Hace dos años, de acuerdo con estadísticas de la Asociación Mexicana de la Industria Automotriz, 6 de cada 10 vehículos que habían sido adquiridos por consumidores nacionales eran de importación, pero usados, con una tendencia al incremento del 50.6 por ciento respecto al pasado año.

Afortunadamente, la tendencia viene a la baja. Durante el periodo enero-agosto de 2014 se introdujeron al país 363,303 vehículos, mientras que en el periodo enero-mayo 2015 solo se importaron 59,952 vehículos.

Había una oferta por la que se estaba adquiriendo vehículos sin realizar los procedimientos legales de la materia, que además ponen en riesgo el patrimonio de muchas familias.

Las principales medidas que la autoridad ha puesto en marcha para frenar la importación ilegal de vehículos son:

Establecer horarios específicos para la entrada al territorio nacional de vehículos por las aduanas de la frontera norte del país; Incluir dentro de los requisitos para la importación definitiva de vehículos usados, el certificado por autoridad aduanera americana de que dichos vehículos son susceptibles de exportación.

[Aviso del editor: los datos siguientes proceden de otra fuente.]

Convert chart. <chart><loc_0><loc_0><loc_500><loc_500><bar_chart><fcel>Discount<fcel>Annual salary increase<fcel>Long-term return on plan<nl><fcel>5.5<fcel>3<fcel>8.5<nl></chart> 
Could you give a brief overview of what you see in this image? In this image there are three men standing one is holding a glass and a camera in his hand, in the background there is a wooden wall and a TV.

Además, implementar un mecanismo para garantizar el pago de contribuciones en la importación temporal de vehículos conforme a los años de antigüedad del modelo; Acuerdo de colaboración entre el Servicio de Administración Tributaria, la Procuraduría de la Defensa del Contribuyente y la Confederación de Asociaciones de Agentes Aduanales de la República Mexicana para informar y orientar a las personas en la importación de vehículos.

Se recordará que este fenómeno comenzó a notarse a partir de los años noventa, debido a la apertura de permisos de importación de chatarra que pudiera servir principalmente a campesinos en la movilización de productos, pero creció por intereses económicos de particulares ajenos que vieron en ese vacío una oportunidad para obtener provecho. Se convirtió en un negocio y abrió la puerta a la irregularidad, independientemente del daño económico y ambiental que genera.

La más reciente modificación del decreto por medio del cual las personas físicas y morales tuvieron posibilidad de importar vehículos usados a territorio nacional, es del 31 de enero de 2013, pero como se ha mencionado, es algo que se viene presentando desde hace más de 20 años.

Un vehículo de importación usado no ha sido una opción de beneficio, y desde su ingreso, presenta más aspectos negativos que positivos, comenzando por los precios a los que se oferta, el elevado gasto que implicará su mantenimiento por el desgaste al que ha sido sometido, contaminación, entre otros de tipo legal.

Muchos de los propietarios de este tipo de vehículo que se hallan agrupados en asociaciones u organizaciones incumplen la normatividad, ya que defienden intereses de propietarios de un parque vehicular irregular que no cuenta con permiso para las unidades que hacen circular, por lo que tampoco cumplen con la obligatoriedad de portar placas de circulación, lo que se traduce en dos inconvenientes, a saber, inseguridad e inobservancia del pago correspondiente a las arcas de los estados en que se mueven.